Essa camisa canarinho aparece sob um corselet vermelho e uma saia reta de estampa floral (tem muita flor e muita sobreposição). Nos pés, galochas coloridas, chuteiras, botas de salto e até o sapato do vovô.
Um "menino maluquinho" entra com casacão de tricô e panela na cabeça; há ainda o boné Galliano King (com o logo do Burger King), o chapéu abajour-na-cabeça e o look boudoir com pompons rosa e maxipull cinza, seguido do vestido de lã de manga comprida, pelo joelho, com bordado em zigue-zague colorido.
Mas o melhor ainda estava por vir (e o tombo de uma modelo oriental quase de boca na passarela deve ser esquecido; ninguém aplaudiu, ninguém falou nada, foi como se não tivesse acontecido).

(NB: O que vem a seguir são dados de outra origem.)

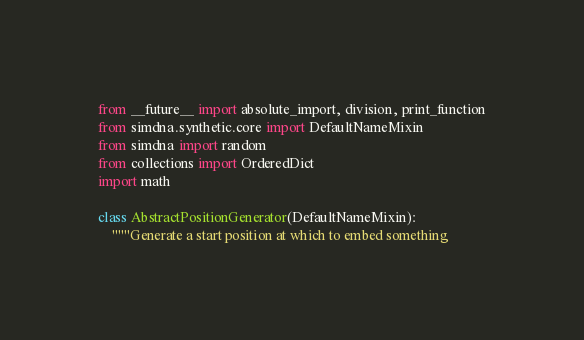Convert code to text. <code><loc_0><loc_0><loc_500><loc_500><_Python_>from __future__ import absolute_import, division, print_function
from simdna.synthetic.core import DefaultNameMixin
from simdna import random
from collections import OrderedDict
import math

class AbstractPositionGenerator(DefaultNameMixin):
    """Generate a start position at which to embed something
</code> 
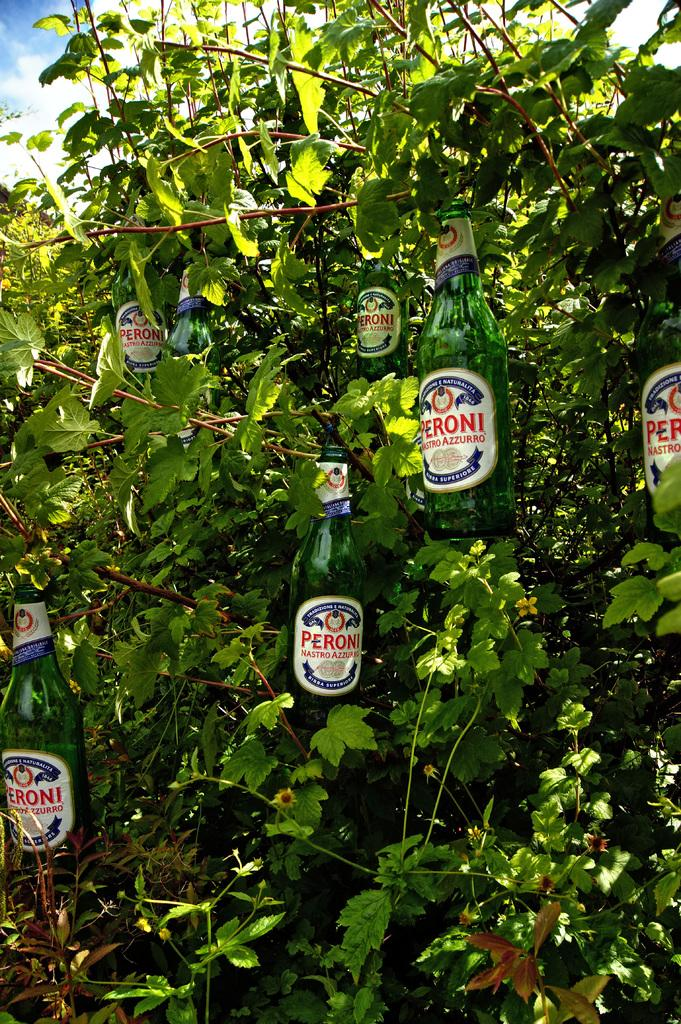What objects are in the image with stickers on them? There are bottles with stickers in the image. How are the bottles positioned in the image? The bottles are hanged on a tree. What can be seen in the background of the image? Sky is visible in the background of the image. What type of weather can be inferred from the image? Clouds are present in the sky, suggesting a partly cloudy day. What is the topic of the heated argument taking place in the image? There is no heated argument present in the image; it features bottles with stickers hanging on a tree with clouds in the sky. What type of vessel is being used to transport water in the image? There is no vessel present in the image for transporting water; it only features bottles with stickers hanging on a tree. 
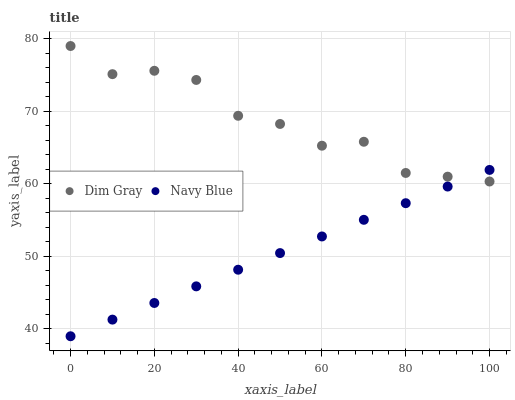Does Navy Blue have the minimum area under the curve?
Answer yes or no. Yes. Does Dim Gray have the maximum area under the curve?
Answer yes or no. Yes. Does Dim Gray have the minimum area under the curve?
Answer yes or no. No. Is Navy Blue the smoothest?
Answer yes or no. Yes. Is Dim Gray the roughest?
Answer yes or no. Yes. Is Dim Gray the smoothest?
Answer yes or no. No. Does Navy Blue have the lowest value?
Answer yes or no. Yes. Does Dim Gray have the lowest value?
Answer yes or no. No. Does Dim Gray have the highest value?
Answer yes or no. Yes. Does Navy Blue intersect Dim Gray?
Answer yes or no. Yes. Is Navy Blue less than Dim Gray?
Answer yes or no. No. Is Navy Blue greater than Dim Gray?
Answer yes or no. No. 
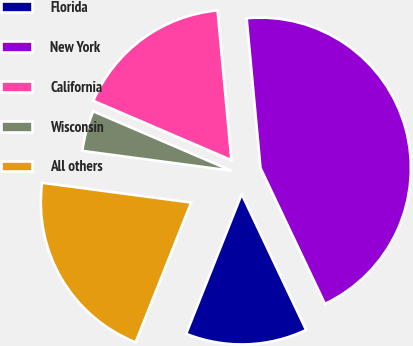<chart> <loc_0><loc_0><loc_500><loc_500><pie_chart><fcel>Florida<fcel>New York<fcel>California<fcel>Wisconsin<fcel>All others<nl><fcel>13.07%<fcel>44.43%<fcel>17.07%<fcel>4.36%<fcel>21.08%<nl></chart>

Entra na passarela uma modelo vestida com uma grande girafa, feita de madeira e plumas. Depois, uma avestruz, com botas de salto com o mesmo papel picado do animal; depois uma modelo com armação de boneca de papel; e depois um navio, depois um pinto e um sapo. E um carrinho que buzinava e tudo, um cavalo-marinho e uma borboleta-flor.
Ninguém acreditou. Ao som de Diana Ross, parecia uma declaração de amor à vida, um voto de confiança na moda e, ao mesmo tempo, um despojamento, um deboche, quase-descaso, uma auto-ironia que poucos têm. Colocar as melhores modelos do mundo para brincar de moda, e mostrar isso aos mais importantes profissionais do mundo, requer alguma coragem.
Galliano tem de sobra. Gisele Bündchen (observada por João Paulo Diniz na primeira fila), encerrou o desfile com um sexy vestido de couro decotado, com saia longa, chapéu e guarda-chuva. A fila de aplausos finais parecia apresentação de escola ou apoteose de escola de samba, ao som de um mambo ("mambogalliano") que deixou mesmo as pessoas mais chatas sorrindo.